I love that you read so much and that you are kind but I hate that you are always right. I don’t hate anything in the world as much as that. Though everything is fine, I don’t have any doubts, I’m completely at peace - without you here, everything feels so fragile. I don’t miss you as much as I thought I would but often tiny things will upset me, like how you were at work when I passed my law exams. I hate that you are missing so many wonderful things on my side of this earth. Three nights ago, we had a stunning full moon. It rose right above my bedroom at night and I awoke thinking someone had turned on the light when it shone through my window. You are missing how all the trees are so lush and green after the rains. You are missing our guinea pig scurrying to find a hiding place because of all the Diwali fireworks. She fought off a pigeon this morning. I was so proud of her, but I couldn’t get my phone to capture it. You are missing my mom’s jokes. The amazing basil pasta I had last night. I made apple pancakes this morning. They were amazing.
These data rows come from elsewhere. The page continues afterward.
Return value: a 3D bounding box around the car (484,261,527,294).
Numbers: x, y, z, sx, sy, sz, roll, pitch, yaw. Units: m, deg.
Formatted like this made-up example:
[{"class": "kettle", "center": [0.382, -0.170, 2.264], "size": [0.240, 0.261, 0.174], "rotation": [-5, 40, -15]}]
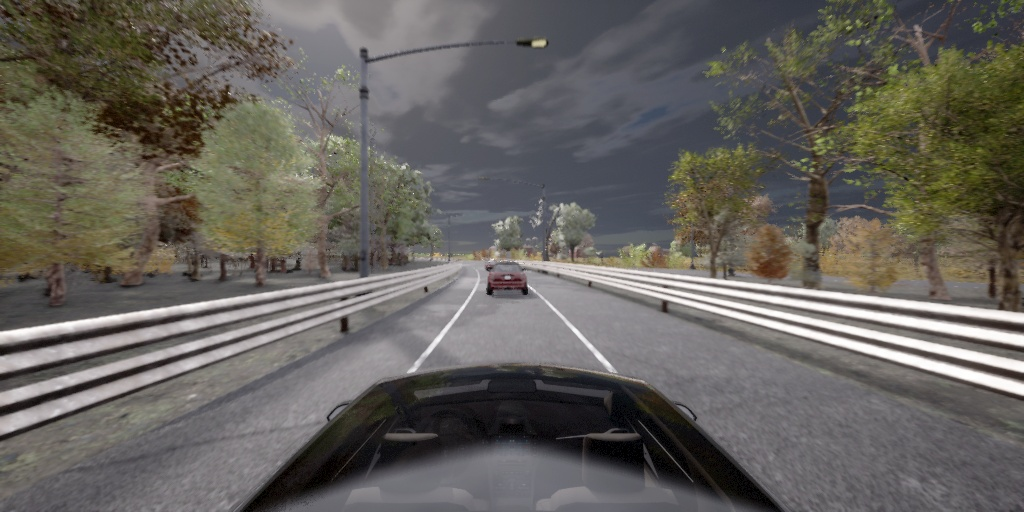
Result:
[{"class": "car", "center": [-0.336, 1.123, 20.447], "size": [2.097, 1.767, 4.553], "rotation": [0, 0, -3]}]
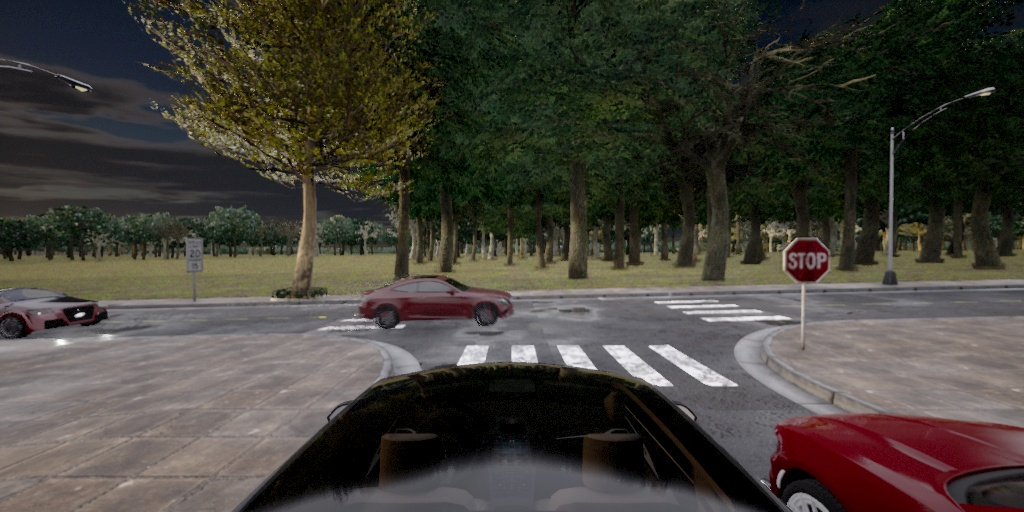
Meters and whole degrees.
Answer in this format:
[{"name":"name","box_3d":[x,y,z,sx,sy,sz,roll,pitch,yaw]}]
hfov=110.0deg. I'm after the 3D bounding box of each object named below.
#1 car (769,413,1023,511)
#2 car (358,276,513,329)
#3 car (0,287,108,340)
[{"name":"car","box_3d":[2.635,1.292,0.656,1.888,1.381,4.507,0,0,0]},{"name":"car","box_3d":[-2.300,1.337,11.101,4.674,1.442,1.812,-2,1,0]},{"name":"car","box_3d":[-15.388,1.697,11.101,4.181,1.385,1.994,-1,1,0]}]

Maybe I’m missing things at your end too. The stunning sunsets at sea, the great big ships and engineering feats, the orcas and the sharks. The sea may be big and vast but life is here on land, with me, in the small things. You are missing the kittens that have learnt to run around the streets over the last 40 days. The mongoose that came to eat the teenage snake. Here is where all life, adventure and freedom lies.
I admire you for choosing to follow your heart. I know your heart belongs to the ocean, that you were named for at birth. All of your nostalgia, the bigness of life, and the possibility of everything you can achieve lies with the ocean.
I miss your kindness and your sense of reason the most. I miss your lazy, no-rush ways that you no doubt learnt at sea. I feel so lucky that you were born in the same space and time as me and that all the universe aligned perfectly to bring you to me. I will see you when the next full moon lights up my room as well as yours in the great, big lonesome.
Love,
Danl
By Aparna M.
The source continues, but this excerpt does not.